Some of the lines below need repeating. Reproduce exactly those between the lines holding "Follow the order" and "#7 car [39,191,54,198]", inclusive.

→ **SUPPLIED RECORDS**
#####

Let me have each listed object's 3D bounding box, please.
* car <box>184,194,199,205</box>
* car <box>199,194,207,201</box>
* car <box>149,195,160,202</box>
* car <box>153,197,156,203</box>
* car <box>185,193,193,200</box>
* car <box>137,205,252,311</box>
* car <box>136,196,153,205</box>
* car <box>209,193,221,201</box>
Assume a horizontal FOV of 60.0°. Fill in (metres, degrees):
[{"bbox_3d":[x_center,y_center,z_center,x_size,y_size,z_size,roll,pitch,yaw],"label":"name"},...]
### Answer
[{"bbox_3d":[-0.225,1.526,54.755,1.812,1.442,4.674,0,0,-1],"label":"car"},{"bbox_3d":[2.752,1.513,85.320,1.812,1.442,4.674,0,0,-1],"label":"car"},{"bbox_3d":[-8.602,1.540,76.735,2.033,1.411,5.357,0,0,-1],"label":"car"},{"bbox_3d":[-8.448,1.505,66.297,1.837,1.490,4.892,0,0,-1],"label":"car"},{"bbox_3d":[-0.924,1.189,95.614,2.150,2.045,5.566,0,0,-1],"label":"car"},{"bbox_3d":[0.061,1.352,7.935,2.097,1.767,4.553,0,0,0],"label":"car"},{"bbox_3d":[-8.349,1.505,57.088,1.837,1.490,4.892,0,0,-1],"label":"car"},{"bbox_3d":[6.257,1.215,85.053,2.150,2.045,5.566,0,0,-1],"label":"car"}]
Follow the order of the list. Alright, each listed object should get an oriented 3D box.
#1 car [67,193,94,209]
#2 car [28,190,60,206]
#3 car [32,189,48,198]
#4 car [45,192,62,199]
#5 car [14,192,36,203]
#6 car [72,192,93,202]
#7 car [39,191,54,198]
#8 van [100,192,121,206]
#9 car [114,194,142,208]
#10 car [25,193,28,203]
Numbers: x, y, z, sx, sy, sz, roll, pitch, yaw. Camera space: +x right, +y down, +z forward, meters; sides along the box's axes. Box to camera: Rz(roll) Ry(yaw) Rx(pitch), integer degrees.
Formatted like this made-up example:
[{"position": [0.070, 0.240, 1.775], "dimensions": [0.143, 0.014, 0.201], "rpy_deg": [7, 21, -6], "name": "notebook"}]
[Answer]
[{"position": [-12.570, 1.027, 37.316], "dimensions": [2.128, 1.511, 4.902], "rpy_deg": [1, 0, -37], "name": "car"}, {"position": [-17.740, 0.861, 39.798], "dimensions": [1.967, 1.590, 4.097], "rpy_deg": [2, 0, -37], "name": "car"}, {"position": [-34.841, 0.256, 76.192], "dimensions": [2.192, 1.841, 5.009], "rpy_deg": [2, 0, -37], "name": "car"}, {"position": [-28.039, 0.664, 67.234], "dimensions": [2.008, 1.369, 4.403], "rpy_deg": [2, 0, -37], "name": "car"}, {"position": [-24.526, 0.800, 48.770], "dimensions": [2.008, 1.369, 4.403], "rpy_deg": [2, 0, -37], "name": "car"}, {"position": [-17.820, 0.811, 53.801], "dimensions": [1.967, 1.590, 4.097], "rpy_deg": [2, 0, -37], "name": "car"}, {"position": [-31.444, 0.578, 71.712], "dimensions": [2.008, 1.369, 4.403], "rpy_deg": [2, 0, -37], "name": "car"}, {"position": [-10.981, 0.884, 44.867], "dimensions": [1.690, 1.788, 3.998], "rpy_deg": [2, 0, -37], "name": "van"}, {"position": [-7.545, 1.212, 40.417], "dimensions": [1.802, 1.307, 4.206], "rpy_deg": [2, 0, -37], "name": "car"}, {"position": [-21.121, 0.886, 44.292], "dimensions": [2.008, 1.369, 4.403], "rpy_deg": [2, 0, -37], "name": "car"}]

#####

→ **ANSWER FOR THE TASK**
Follow the order of the list. Alright, each listed object should get an oriented 3D box.
#1 car [67,193,94,209]
#2 car [28,190,60,206]
#3 car [32,189,48,198]
#4 car [45,192,62,199]
#5 car [14,192,36,203]
#6 car [72,192,93,202]
#7 car [39,191,54,198]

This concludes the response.